:: Exercise materials ::
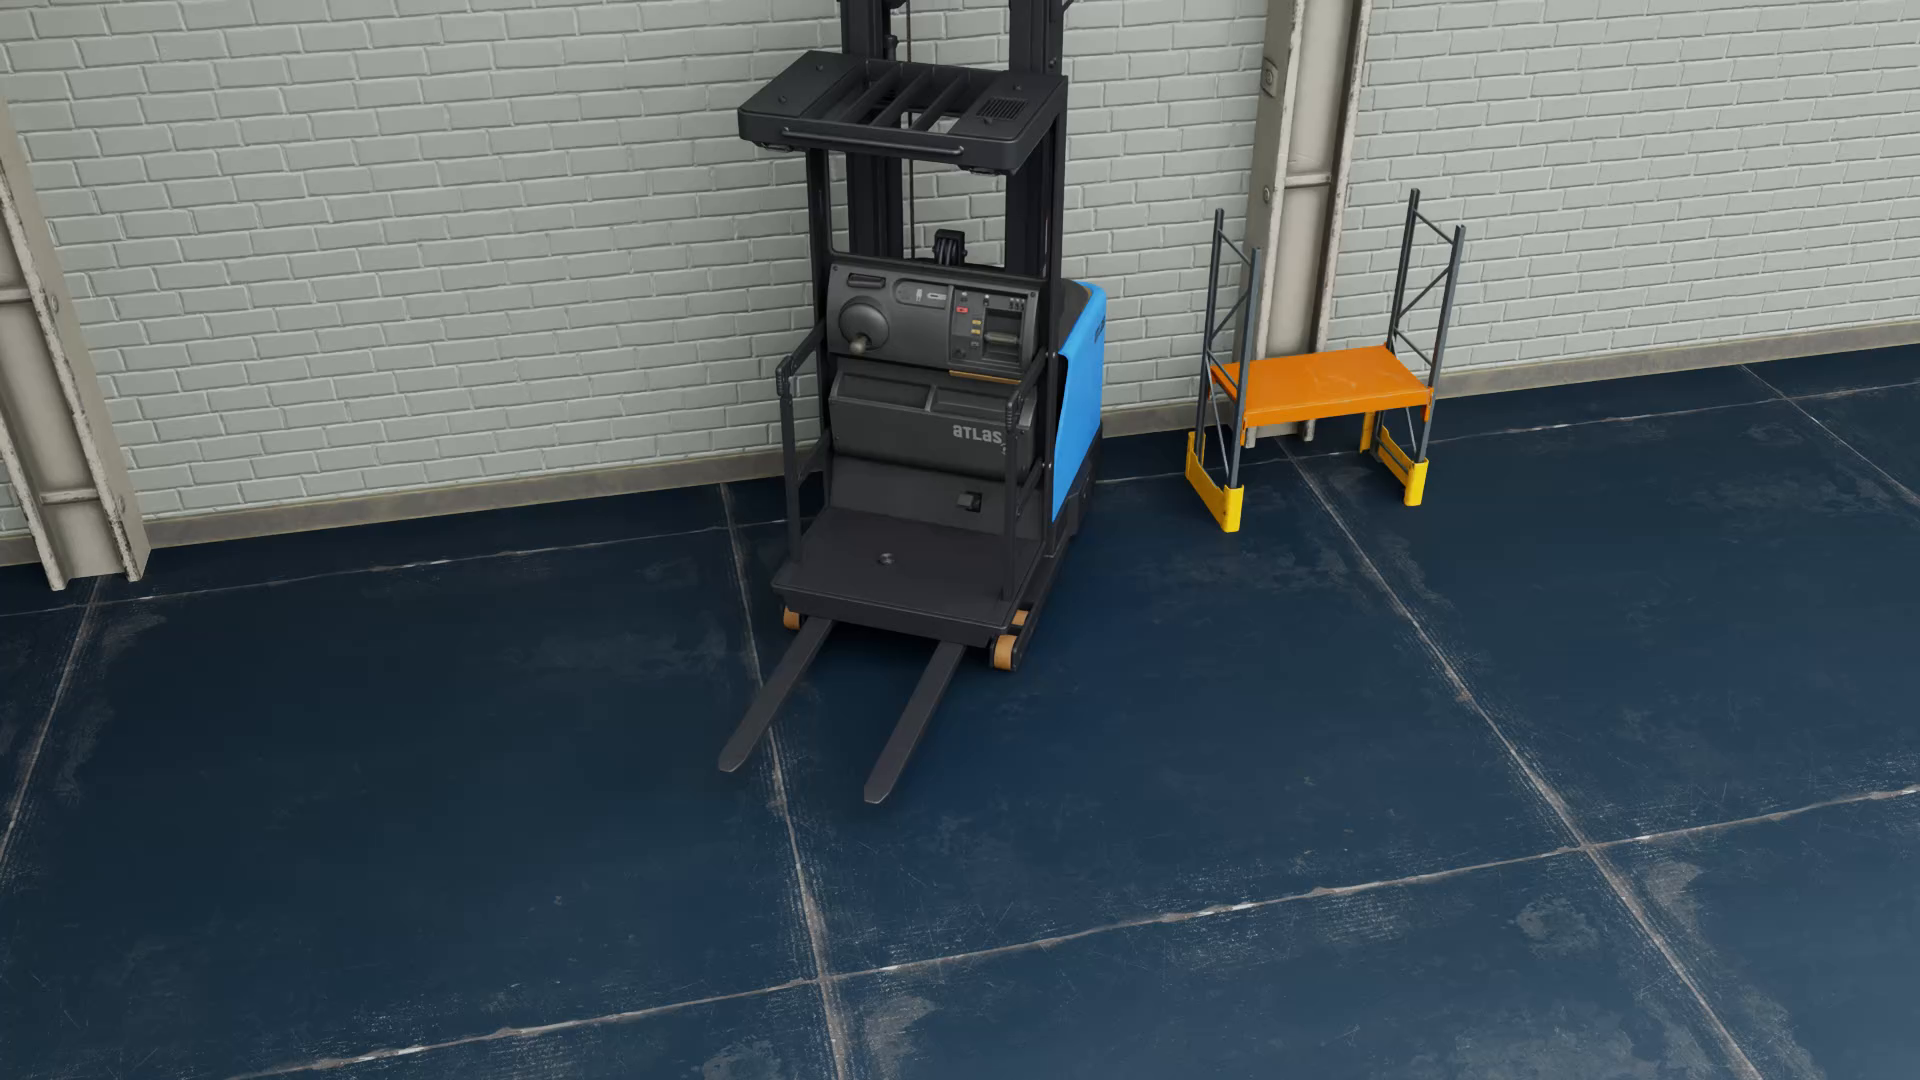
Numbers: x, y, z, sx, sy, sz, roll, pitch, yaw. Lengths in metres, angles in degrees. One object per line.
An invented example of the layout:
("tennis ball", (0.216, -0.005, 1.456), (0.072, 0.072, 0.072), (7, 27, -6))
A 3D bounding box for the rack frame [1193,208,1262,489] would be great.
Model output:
("rack frame", (1.290, -0.822, 8.129), (0.032, 1.500, 0.500), (-8, 35, -12))

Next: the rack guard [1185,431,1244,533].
("rack guard", (1.292, -0.303, 8.477), (0.087, 0.250, 0.587), (-8, 35, -12))

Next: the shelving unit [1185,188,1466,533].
("shelving unit", (1.775, -0.890, 8.230), (1.083, 1.500, 0.587), (-8, 35, -12))

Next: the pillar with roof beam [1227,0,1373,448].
("pillar with roof beam", (2.650, -2.001, 3.157), (0.400, 9.000, 9.100), (-7, 35, -11))

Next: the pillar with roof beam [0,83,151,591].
("pillar with roof beam", (-3.202, -1.264, 2.058), (0.400, 9.000, 9.100), (-7, 35, -11))

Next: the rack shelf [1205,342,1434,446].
("rack shelf", (1.783, -0.742, 8.332), (1.000, 0.185, 0.538), (-8, 35, -12))

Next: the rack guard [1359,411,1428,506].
("rack guard", (2.258, -0.439, 8.679), (0.087, 0.250, 0.587), (-8, 35, -12))

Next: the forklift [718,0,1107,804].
("forklift", (-0.184, -0.886, 6.939), (1.130, 2.935, 3.031), (10, 35, 14))

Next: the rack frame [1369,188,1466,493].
("rack frame", (2.276, -0.960, 8.335), (0.032, 1.500, 0.500), (-8, 35, -12))
:::
Task to carry out: Could you reproduce the listing above word for word while leaving out its pictures?

Solution for this problem:
Numbers: x, y, z, sx, sy, sz, roll, pitch, yaw. Lengths in metres, angles in degrees. One object per line.
An invented example of the layout:
("tennis ball", (0.216, -0.005, 1.456), (0.072, 0.072, 0.072), (7, 27, -6))
A 3D bounding box for the rack frame [1193,208,1262,489] would be great.
Model output:
("rack frame", (1.290, -0.822, 8.129), (0.032, 1.500, 0.500), (-8, 35, -12))

Next: the rack guard [1185,431,1244,533].
("rack guard", (1.292, -0.303, 8.477), (0.087, 0.250, 0.587), (-8, 35, -12))

Next: the shelving unit [1185,188,1466,533].
("shelving unit", (1.775, -0.890, 8.230), (1.083, 1.500, 0.587), (-8, 35, -12))

Next: the pillar with roof beam [1227,0,1373,448].
("pillar with roof beam", (2.650, -2.001, 3.157), (0.400, 9.000, 9.100), (-7, 35, -11))

Next: the pillar with roof beam [0,83,151,591].
("pillar with roof beam", (-3.202, -1.264, 2.058), (0.400, 9.000, 9.100), (-7, 35, -11))

Next: the rack shelf [1205,342,1434,446].
("rack shelf", (1.783, -0.742, 8.332), (1.000, 0.185, 0.538), (-8, 35, -12))

Next: the rack guard [1359,411,1428,506].
("rack guard", (2.258, -0.439, 8.679), (0.087, 0.250, 0.587), (-8, 35, -12))

Next: the forklift [718,0,1107,804].
("forklift", (-0.184, -0.886, 6.939), (1.130, 2.935, 3.031), (10, 35, 14))

Next: the rack frame [1369,188,1466,493].
("rack frame", (2.276, -0.960, 8.335), (0.032, 1.500, 0.500), (-8, 35, -12))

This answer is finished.